During the interim maintenance phase of ALL treatment, the patient experienced persistent bone pain despite the administration of high-dose methotrexate. To address this challenge, a treatment regimen combining cladribine and ALL-directed therapy was initiated but demonstrated no significant symptom relief. While the MAPK pathway was not genetically analyzed, trametinib (0.025 mg/kg) was introduced on an empirical basis given its documented efficacy in non-Langerhans cell histiocytosis (non-LCH). Notably, this intervention resulted in marked clinical improvements, including a significant reduction in pain, diminished swelling of the extremities, and resolution of the skull lesions, as confirmed by follow-up MRI. The patient proceeded with the delayed intensification phase of the AALL1131 protocol, which included weekly administration of vincristine and doxorubicin. Subsequently, he required hospital admission due to an extended episode of febrile neutropenia. To further evaluate his condition, a bone marrow aspiration was conducted which indicated relapse with more than 5% lymphoblasts on multicolor flow cytometry. Nevertheless, the patient's clinical trajectory was marked by a disseminated fungal infection which resulted in death.

Discussion

Histiocytic disorders of childhood have confused pediatric oncologists and pathologists over the years. RDD was classified as a benign non-LCH disorder for many years. According to the 5th edition of the World Health Organization classification of myeloid and histiocytic/dendritic neoplasms, RDD has been categorized as a histiocytic/dendritic neoplasm subsequent to a myeloid neoplasm to recognize its origin from common myeloid progenitors (12).

RDD classically presents with lymphadenopathy in children and young adults. The most common presentation of sporadic RDD is massive bilateral cervical lymphadenopathy followed by mediastinal, inguinal, and retroperitoneal localizations (13). Extranodal RDD has been identified in 40% of cases with the most frequent sites being the skin, bone, soft tissue, retro-orbit, upper respiratory tract, liver, pancreas, and lungs (3). Head and neck involvement has been reported in approximately 20% of cases which could be associated with extracranial nodal involvement (14). Bone involvement in RDD is rarely reported with approximately 10% of the cases associated with nodal involvement, nonetheless, primary bone involvement in the absence of lymphadenopathy occurs very rarely in 1% to 8% of the patients (3, 15).

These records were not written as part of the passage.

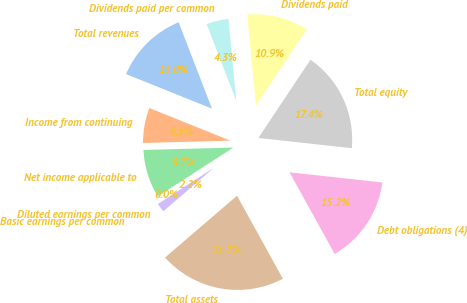<chart> <loc_0><loc_0><loc_500><loc_500><pie_chart><fcel>Total revenues<fcel>Income from continuing<fcel>Net income applicable to<fcel>Basic earnings per common<fcel>Diluted earnings per common<fcel>Total assets<fcel>Debt obligations (4)<fcel>Total equity<fcel>Dividends paid<fcel>Dividends paid per common<nl><fcel>13.04%<fcel>6.52%<fcel>8.7%<fcel>0.0%<fcel>2.17%<fcel>21.74%<fcel>15.22%<fcel>17.39%<fcel>10.87%<fcel>4.35%<nl></chart> 
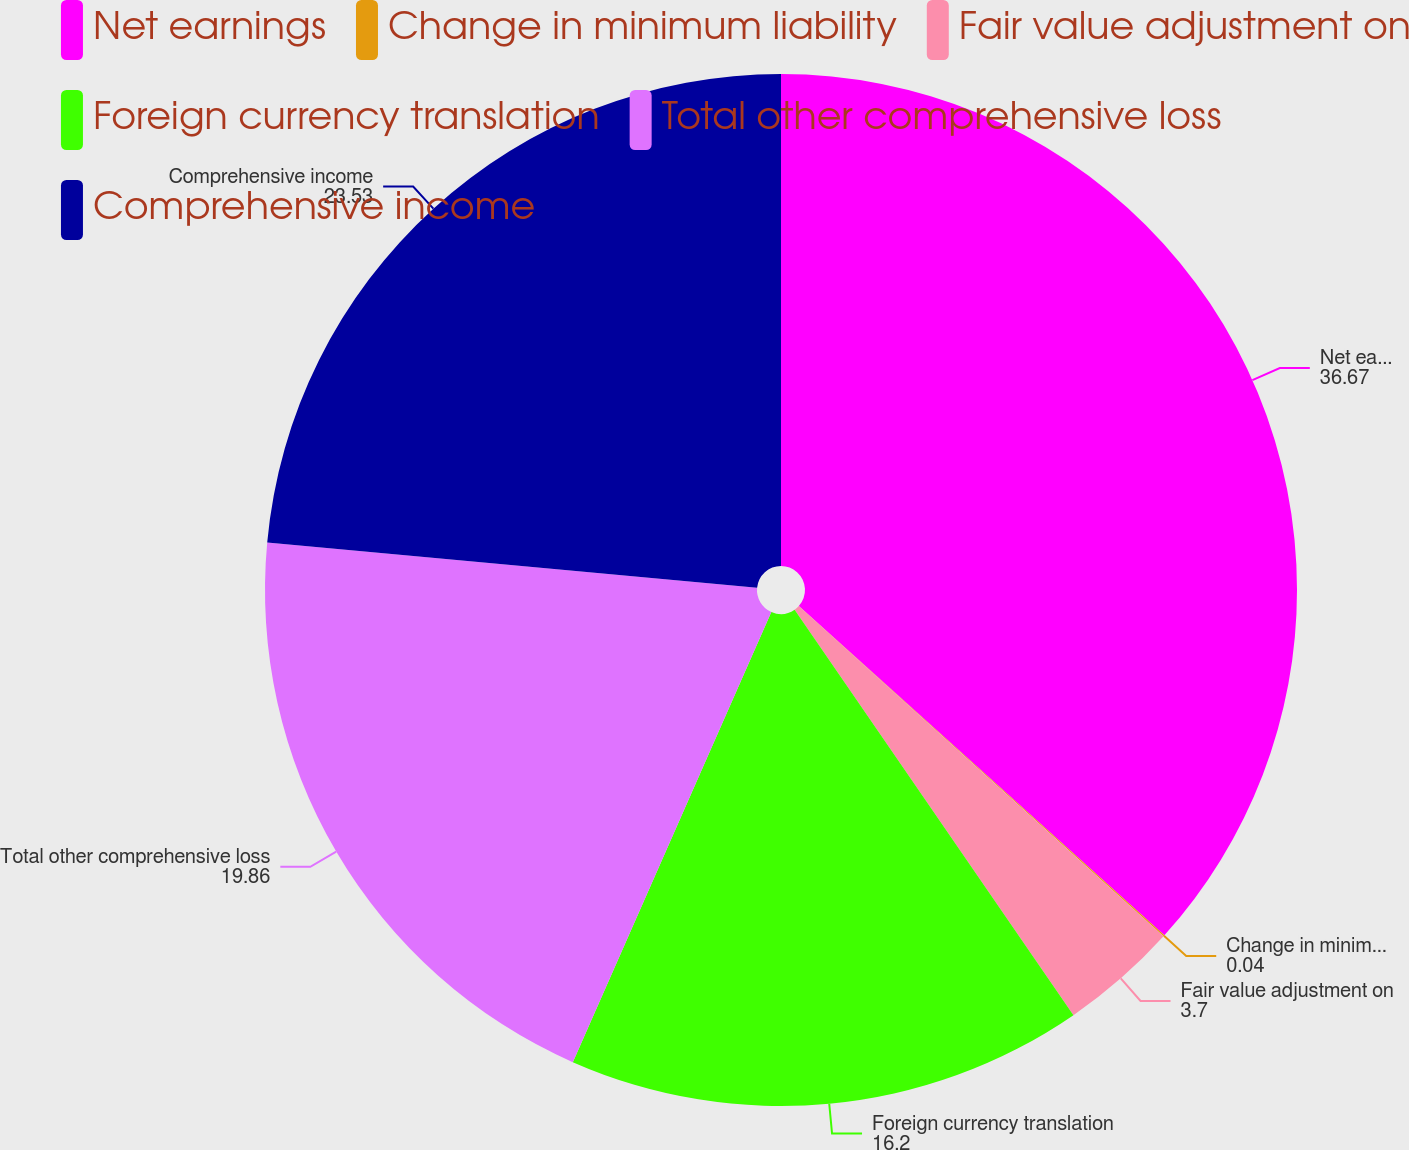Convert chart. <chart><loc_0><loc_0><loc_500><loc_500><pie_chart><fcel>Net earnings<fcel>Change in minimum liability<fcel>Fair value adjustment on<fcel>Foreign currency translation<fcel>Total other comprehensive loss<fcel>Comprehensive income<nl><fcel>36.67%<fcel>0.04%<fcel>3.7%<fcel>16.2%<fcel>19.86%<fcel>23.53%<nl></chart> 
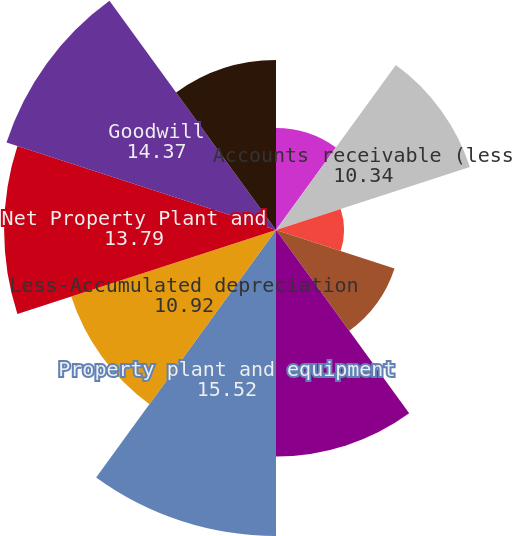Convert chart. <chart><loc_0><loc_0><loc_500><loc_500><pie_chart><fcel>Cash and cash equivalents<fcel>Accounts receivable (less<fcel>Deferred income taxes<fcel>Prepaid expenses and other<fcel>Total Current Assets<fcel>Property plant and equipment<fcel>Less-Accumulated depreciation<fcel>Net Property Plant and<fcel>Goodwill<fcel>Customer relationships and<nl><fcel>5.17%<fcel>10.34%<fcel>3.45%<fcel>6.32%<fcel>11.49%<fcel>15.52%<fcel>10.92%<fcel>13.79%<fcel>14.37%<fcel>8.62%<nl></chart>

The case presented in this case report demonstrated extensive involvement of all his skull bones accompanied by dural involvement, a condition that posed significant clinical challenges. Remarkable improvement was observed following the administration of trametinib, an innovative oral “mitogen-activated protein kinase” (MEK) inhibitor specifically utilized for RDD. This treatment highlights the potential of targeted therapies in addressing complex and rare conditions, offering new hope for patients with extensive disease manifestations (16, 17). Bone involvement in RDD is usually solitary with multifocality being extremely rare (18).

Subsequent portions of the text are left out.